According to the General Nutrition Survey released last month, one in every three children in Vietnam is stunted.
Meanwhile, global revenue from baby food has increased significantly over the past several years.
Industry analysis company Euromonitor valued the global baby food market in 2008 at US$31 billion, projected to grow to
$42.7 billion by 2015, of which two thirds of the increase is expected to come from the Asia Pacific region.
Annelies Allain, director of the International Code Document Center, a Malaysia-based nonprofit that seeks to eliminate the irresponsible marketing of baby foods, said mothers who go back to work can choose to feed their babies any way they like provided that decision is made on the basis of objective information.
"However, the trouble with advertising is that the info is never objective. It is always skewed in one way or another to make the product attractive and make consumers feel they need it," she told Vietweek.
"If ads tell mothers that [some formula] provides for better brain development of babies, they may believe that their babies deserve that miracle food by bottle and that they should sacrifice that extra money to make their children smarter. The more costly, the smarter..."
Allain also said formula companies have been doing all kinds of things to influence lawmakers, deter legislation, and make it all seem above-board.
During the ongoing parliamentary session (May 21-June 21), lawmakers have called for stricter regulations against breast milk substitutes when discussing proposed amendments to the Advertisement Law, which is expected to be passed on June 21.
They want to either retain the current prohibition against advertising of breast milk substitutes for children under 12 months or extending the ban to under 24 months.
Earlier, the NA Standing Committee had removed a proposed article on retaining the 12-month threshold, saying it is already included in a 2006 Decree.
But lawmakers concerned that breastfeeding needs to be better protected said there should be such an article in the proposed amendments. Others said it should be extended to 24 months.
Nguyen Ngoc Phuong, NA representative of Quang Binh Province, said the removal of the article confused many lawmakers.
"I suggest banning the advertisement of breast milk substitutes, bottles and teats for babies under 24 months old," he said.
Khuc Thi Duyen, deputy from Thai Binh Province said a survey by lawmakers found that Vietnamese mothers produce enough breast milk but still buy formula, even when they don't have enough money for it, because they believe the advertisements that say it is good for their babies.
Hajeebhoy from Alive & Thrive said the products advertised by formula companies for children beyond six months are similar to products for babies under six months and thus mothers get confused.
"Advertising only one product in a line can effectively promote all of the rest by eliciting positive associations for a brand that consumers then apply to all of the products bearing that brand," she said.
Any restrictions on the marketing of formula based on a child's age will result in new product development and regulation needs to focus on preventing the marketing of brandings associated with infant formula, she said.

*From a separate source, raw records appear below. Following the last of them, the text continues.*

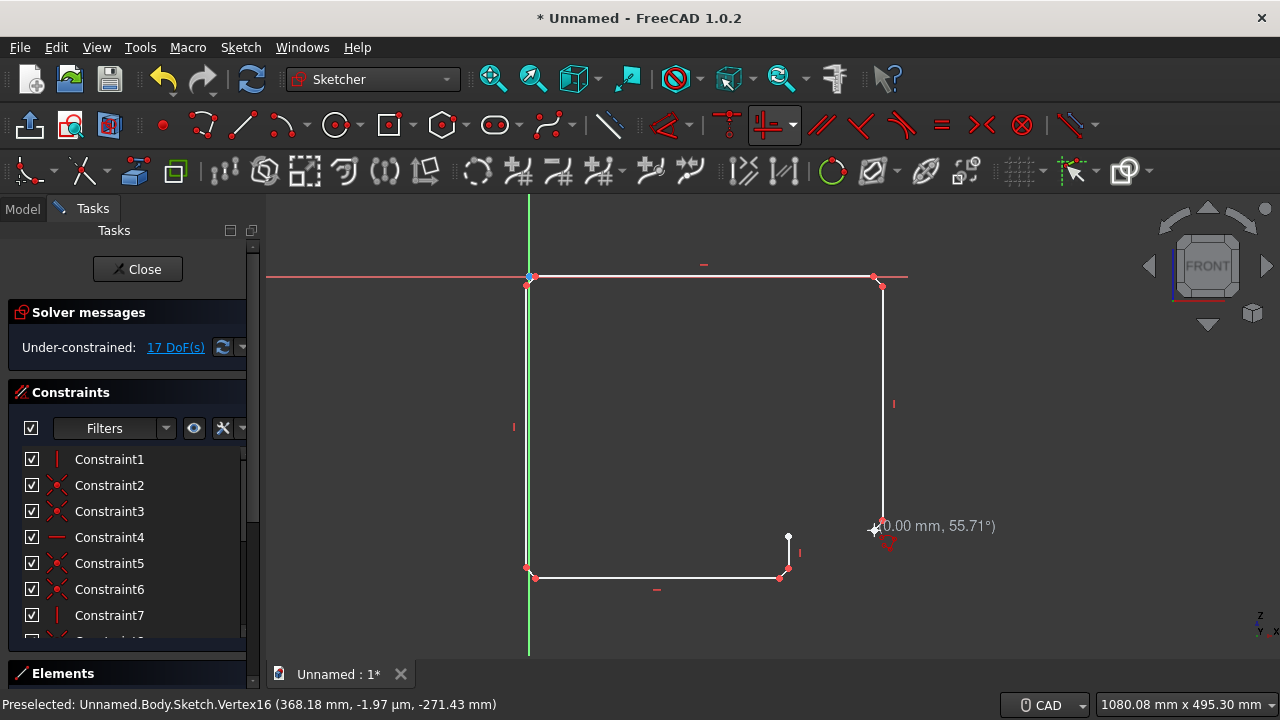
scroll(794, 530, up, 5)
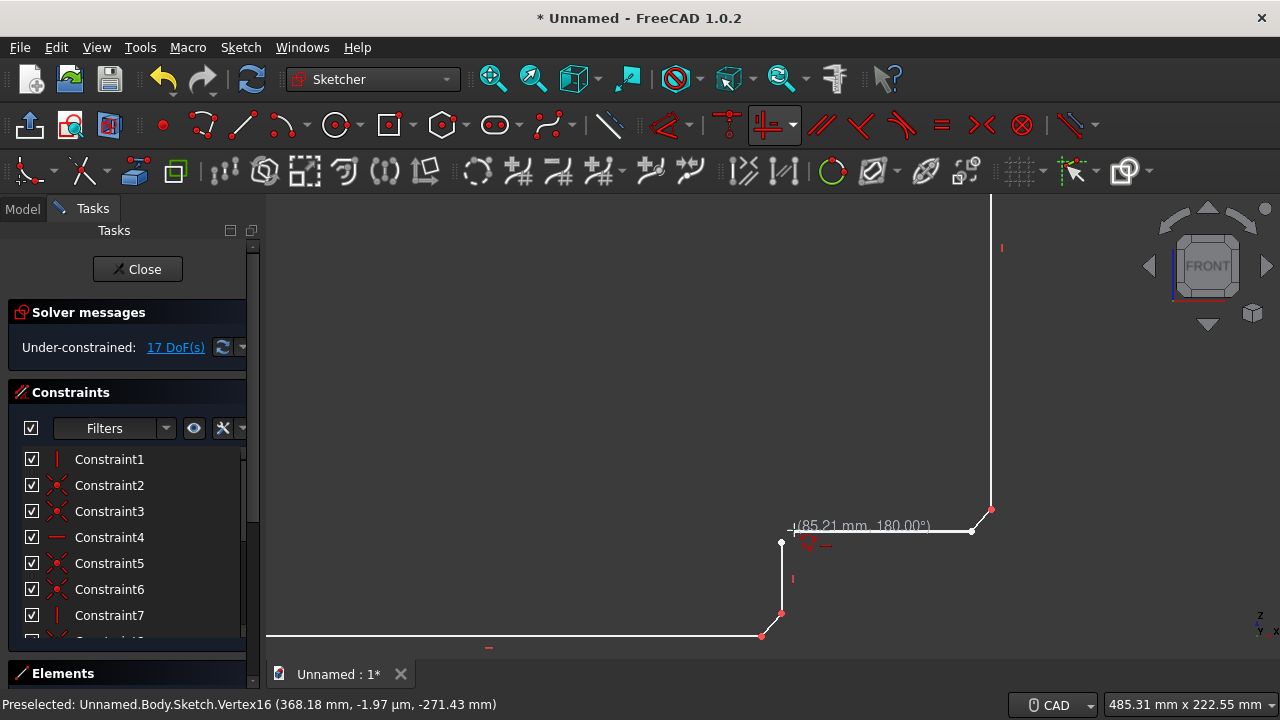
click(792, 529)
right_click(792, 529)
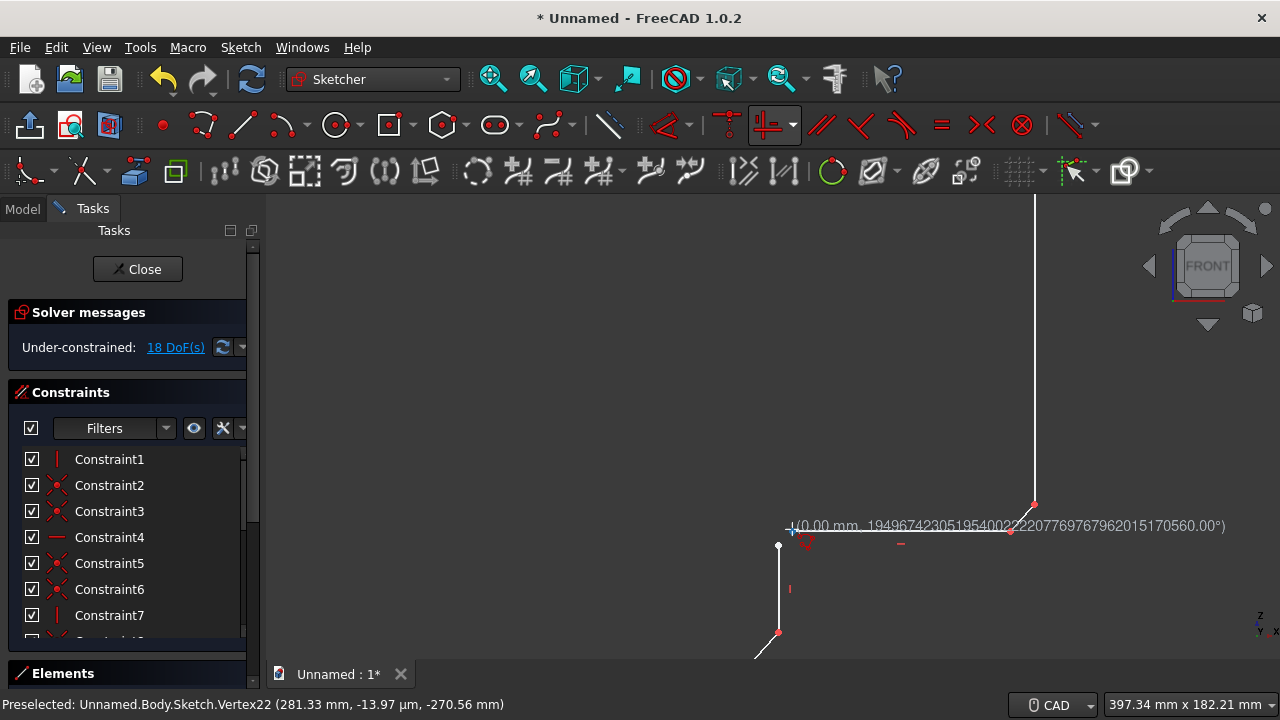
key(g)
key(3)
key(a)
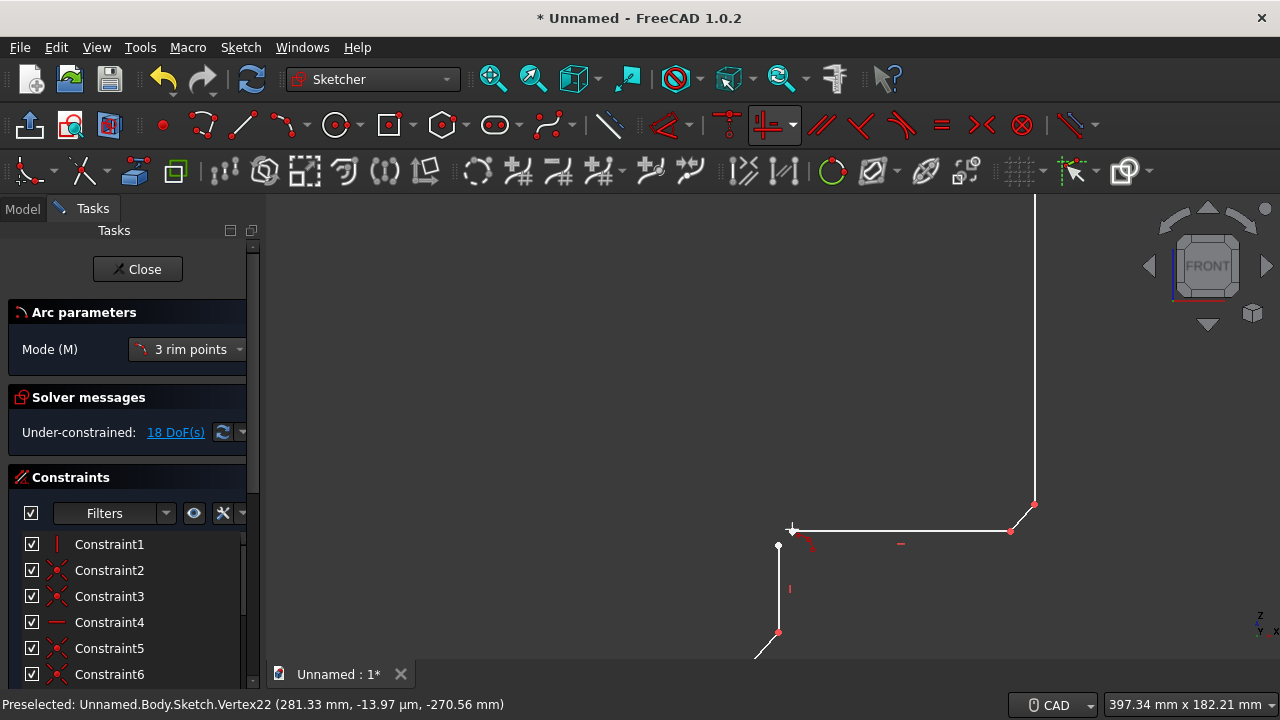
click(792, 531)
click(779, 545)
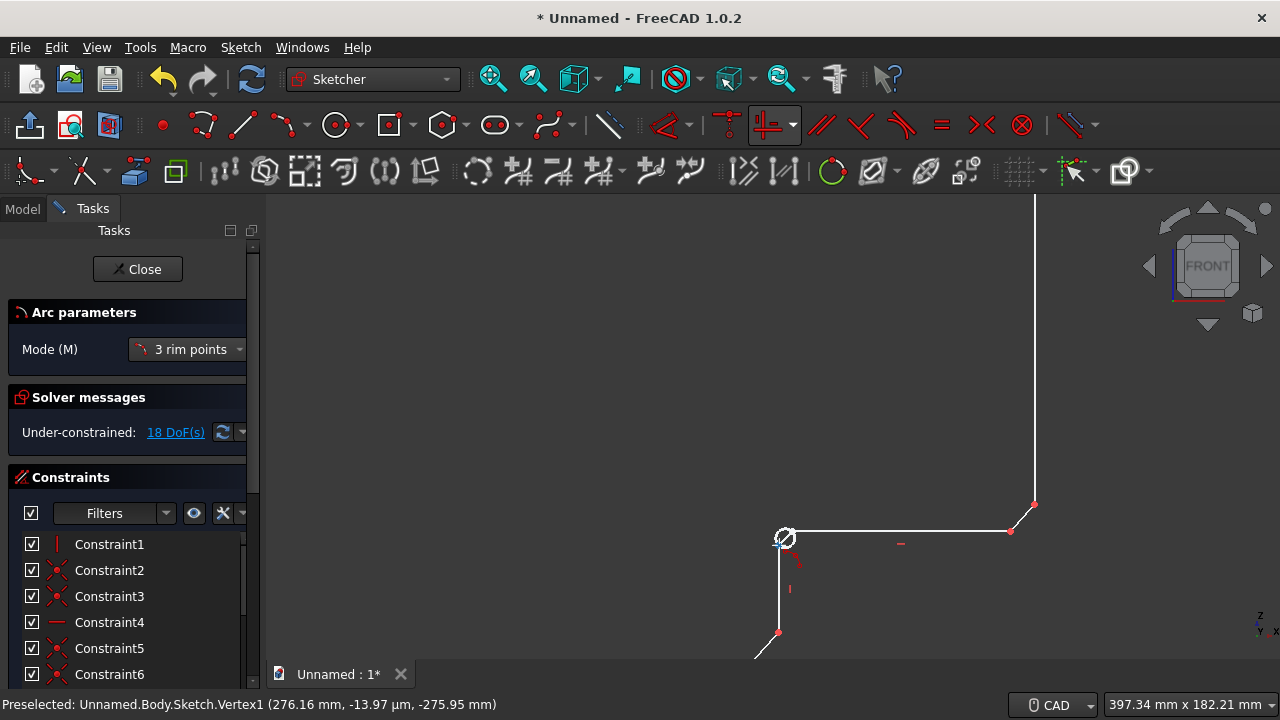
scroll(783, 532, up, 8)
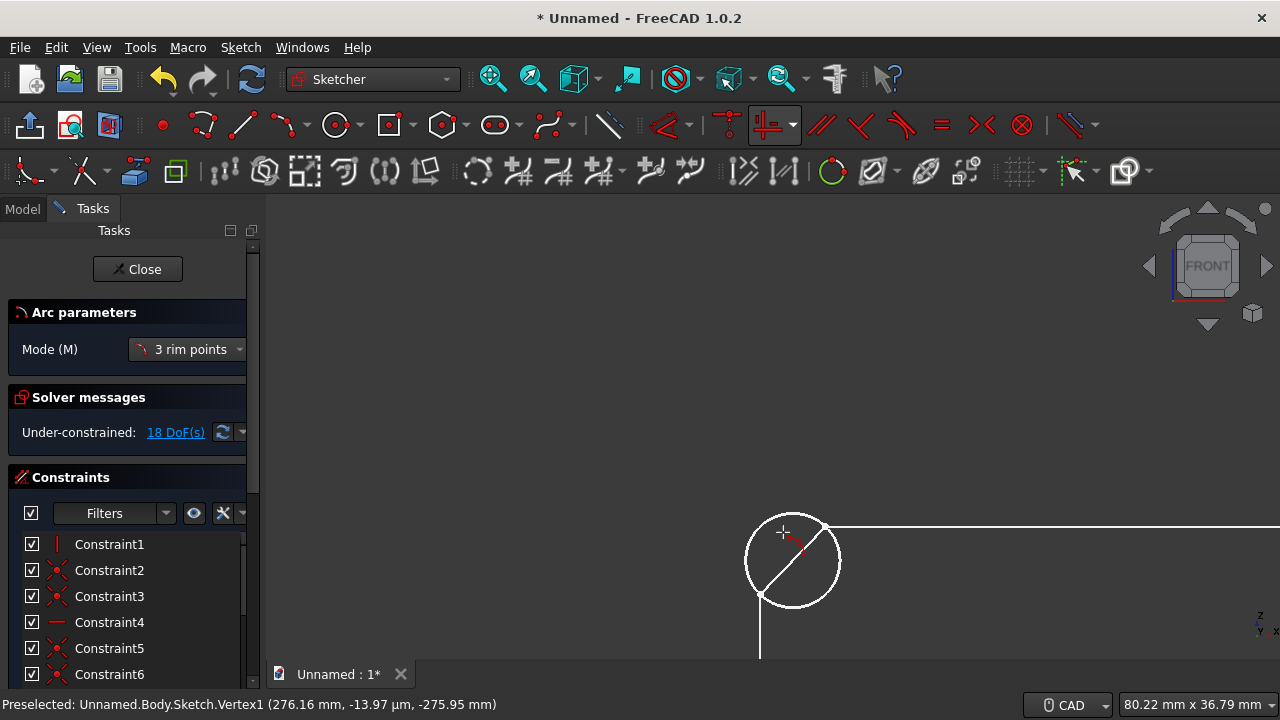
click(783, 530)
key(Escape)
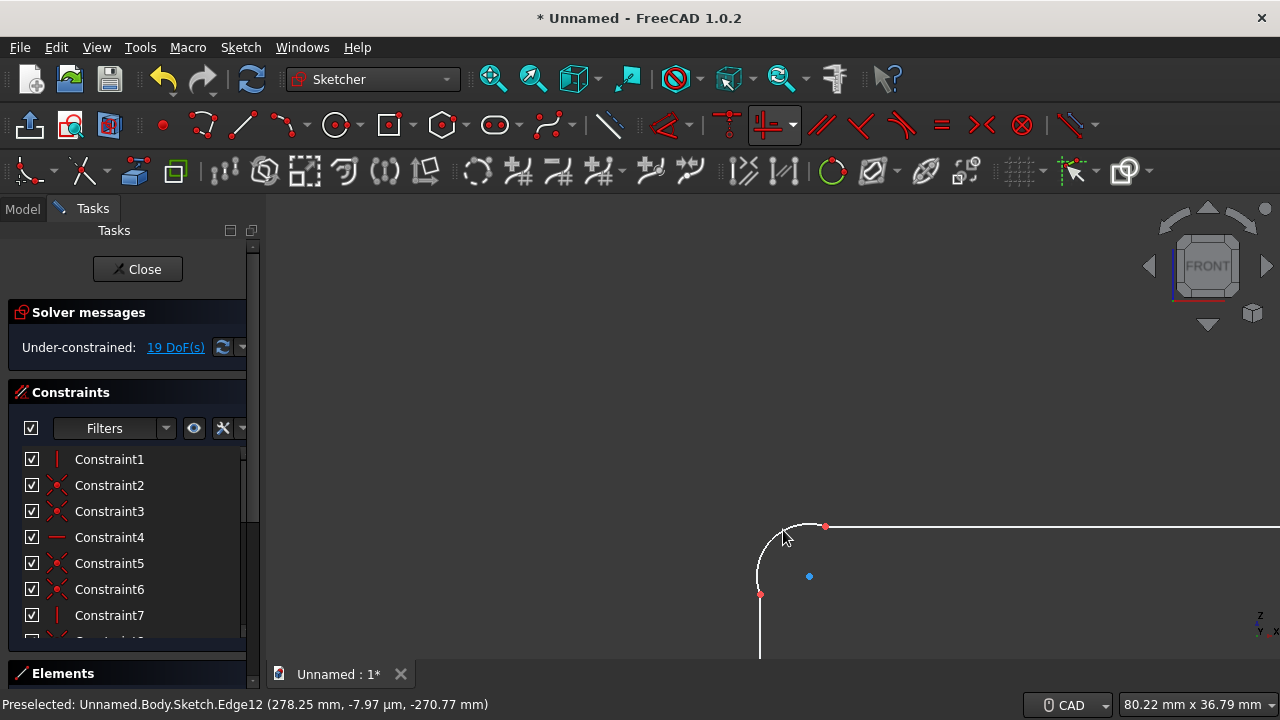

For Hajeebhoy, the problem is also educational.
"Women are not supported right when they get pregnant, they are not counseled on breastfeeding, on how much is provided, how much is needed"¦there is this feeling, though it can't be measured, that the child doesn't get enough," she said.
"Women need to be appropriately counseled and supported. As a mother you're always anxious particularly as a first time mother. Breastfeeding looks easy but it doesn't come easy, it is learned."
Most importantly, Hajeebhoy said, breast milk provides all the nutrition a child needs up to six months. It has all the right fat, protein and vitamin content and is what she called "species specific."
"Human milk for human babies," she said. "Look out into nature: cows don't drink dog milk and you don't see giraffes nursing elephants."